--- START ---

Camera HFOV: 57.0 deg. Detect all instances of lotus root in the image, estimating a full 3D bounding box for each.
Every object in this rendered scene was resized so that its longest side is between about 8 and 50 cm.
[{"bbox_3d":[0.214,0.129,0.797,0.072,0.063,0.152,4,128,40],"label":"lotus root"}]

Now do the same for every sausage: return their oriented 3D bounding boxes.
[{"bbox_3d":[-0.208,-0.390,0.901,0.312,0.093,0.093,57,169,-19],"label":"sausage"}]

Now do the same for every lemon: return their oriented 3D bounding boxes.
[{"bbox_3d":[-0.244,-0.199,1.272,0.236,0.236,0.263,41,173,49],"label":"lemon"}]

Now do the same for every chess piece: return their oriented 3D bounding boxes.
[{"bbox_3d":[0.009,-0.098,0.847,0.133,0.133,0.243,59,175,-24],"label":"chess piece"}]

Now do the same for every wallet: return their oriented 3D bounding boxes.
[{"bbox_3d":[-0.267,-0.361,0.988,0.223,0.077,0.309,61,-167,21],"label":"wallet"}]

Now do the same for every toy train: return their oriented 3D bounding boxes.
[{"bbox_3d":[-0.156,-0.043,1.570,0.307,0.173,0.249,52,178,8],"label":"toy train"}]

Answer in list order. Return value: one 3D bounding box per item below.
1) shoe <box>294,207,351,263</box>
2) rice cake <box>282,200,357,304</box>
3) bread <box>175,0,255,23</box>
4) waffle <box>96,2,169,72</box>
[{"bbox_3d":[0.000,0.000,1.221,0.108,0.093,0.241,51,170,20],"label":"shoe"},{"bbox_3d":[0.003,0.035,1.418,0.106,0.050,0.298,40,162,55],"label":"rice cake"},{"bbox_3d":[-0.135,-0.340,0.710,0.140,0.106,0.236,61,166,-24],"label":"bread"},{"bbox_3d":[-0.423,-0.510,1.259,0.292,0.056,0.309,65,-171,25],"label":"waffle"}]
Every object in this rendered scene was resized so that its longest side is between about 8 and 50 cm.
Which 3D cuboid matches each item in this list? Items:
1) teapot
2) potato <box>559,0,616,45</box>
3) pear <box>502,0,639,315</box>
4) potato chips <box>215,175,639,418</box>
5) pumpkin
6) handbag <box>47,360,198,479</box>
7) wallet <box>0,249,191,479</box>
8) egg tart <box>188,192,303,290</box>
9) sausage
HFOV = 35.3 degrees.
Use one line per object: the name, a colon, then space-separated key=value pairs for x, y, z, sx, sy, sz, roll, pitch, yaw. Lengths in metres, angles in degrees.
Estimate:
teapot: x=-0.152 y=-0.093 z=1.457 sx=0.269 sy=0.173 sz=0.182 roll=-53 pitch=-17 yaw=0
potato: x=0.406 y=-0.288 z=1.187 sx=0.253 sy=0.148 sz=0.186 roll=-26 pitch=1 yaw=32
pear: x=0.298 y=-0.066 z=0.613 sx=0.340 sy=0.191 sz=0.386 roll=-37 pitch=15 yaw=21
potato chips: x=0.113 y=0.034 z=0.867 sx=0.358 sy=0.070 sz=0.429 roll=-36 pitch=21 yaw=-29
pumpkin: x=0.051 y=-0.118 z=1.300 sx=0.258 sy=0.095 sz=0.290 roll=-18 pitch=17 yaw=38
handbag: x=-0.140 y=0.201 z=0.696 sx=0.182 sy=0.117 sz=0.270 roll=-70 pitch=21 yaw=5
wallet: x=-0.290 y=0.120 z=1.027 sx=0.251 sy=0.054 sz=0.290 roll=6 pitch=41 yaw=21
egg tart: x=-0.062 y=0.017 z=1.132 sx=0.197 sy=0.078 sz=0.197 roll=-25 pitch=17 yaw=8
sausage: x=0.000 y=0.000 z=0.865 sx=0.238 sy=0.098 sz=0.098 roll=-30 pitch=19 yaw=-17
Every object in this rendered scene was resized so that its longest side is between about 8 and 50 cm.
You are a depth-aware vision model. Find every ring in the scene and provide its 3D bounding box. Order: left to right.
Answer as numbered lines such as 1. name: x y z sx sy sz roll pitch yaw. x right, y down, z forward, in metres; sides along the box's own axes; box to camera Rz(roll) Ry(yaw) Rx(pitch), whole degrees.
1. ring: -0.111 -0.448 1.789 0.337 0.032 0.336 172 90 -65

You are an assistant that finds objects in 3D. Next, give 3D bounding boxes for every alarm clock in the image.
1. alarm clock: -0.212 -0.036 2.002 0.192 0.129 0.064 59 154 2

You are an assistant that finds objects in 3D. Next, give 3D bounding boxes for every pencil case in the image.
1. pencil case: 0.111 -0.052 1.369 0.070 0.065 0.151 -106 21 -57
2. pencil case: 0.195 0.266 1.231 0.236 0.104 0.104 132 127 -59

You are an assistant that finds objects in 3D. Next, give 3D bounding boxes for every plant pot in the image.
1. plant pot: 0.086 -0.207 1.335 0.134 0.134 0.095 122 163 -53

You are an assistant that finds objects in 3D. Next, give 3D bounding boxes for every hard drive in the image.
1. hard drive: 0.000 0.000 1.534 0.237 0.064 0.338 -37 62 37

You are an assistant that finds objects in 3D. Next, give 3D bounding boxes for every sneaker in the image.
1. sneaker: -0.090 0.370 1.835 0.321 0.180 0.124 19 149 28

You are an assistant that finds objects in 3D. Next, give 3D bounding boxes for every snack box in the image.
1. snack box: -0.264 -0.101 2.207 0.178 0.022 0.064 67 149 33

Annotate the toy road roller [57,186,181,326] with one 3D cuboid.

--- END ---
--- START ---

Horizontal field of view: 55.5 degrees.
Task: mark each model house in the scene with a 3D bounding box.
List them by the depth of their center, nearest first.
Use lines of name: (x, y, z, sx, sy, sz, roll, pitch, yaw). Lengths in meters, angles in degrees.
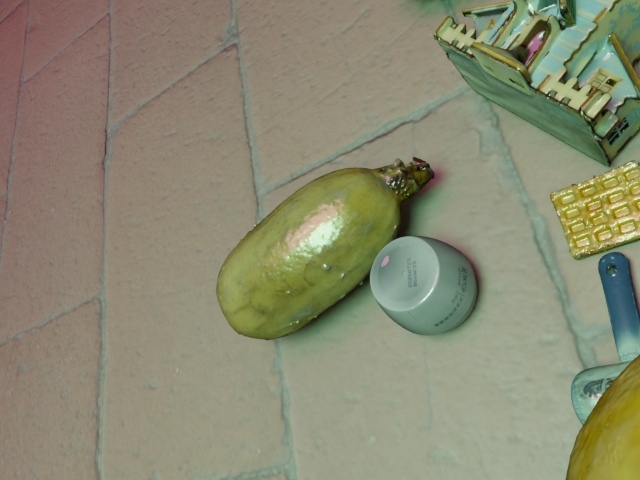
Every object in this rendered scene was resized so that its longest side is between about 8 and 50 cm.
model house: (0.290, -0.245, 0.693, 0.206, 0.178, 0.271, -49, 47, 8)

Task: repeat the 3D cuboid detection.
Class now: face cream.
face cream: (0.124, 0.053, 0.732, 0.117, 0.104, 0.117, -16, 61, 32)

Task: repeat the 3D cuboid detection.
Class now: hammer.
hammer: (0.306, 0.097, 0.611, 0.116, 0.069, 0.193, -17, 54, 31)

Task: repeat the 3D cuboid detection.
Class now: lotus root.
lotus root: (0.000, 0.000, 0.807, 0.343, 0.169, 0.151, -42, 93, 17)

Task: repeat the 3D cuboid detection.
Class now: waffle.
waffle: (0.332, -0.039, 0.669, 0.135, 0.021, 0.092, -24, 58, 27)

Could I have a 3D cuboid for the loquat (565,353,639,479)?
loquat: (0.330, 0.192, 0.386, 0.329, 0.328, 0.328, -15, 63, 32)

--- END ---

> What you have to do:
Where a line of the listing holds the string "angles", copy that line.

> Answer to this exercise:
Use one line per object: the name, a colon, then space-separated key=value pairs for x, y, z, sx, sy, sz, roll, pitch, yaw. Lengths in metres, angles in degrees.
Use lines of name: (x, y, z, sx, sy, sz, roll, pitch, yaw). Lengths in meters, angles in degrees.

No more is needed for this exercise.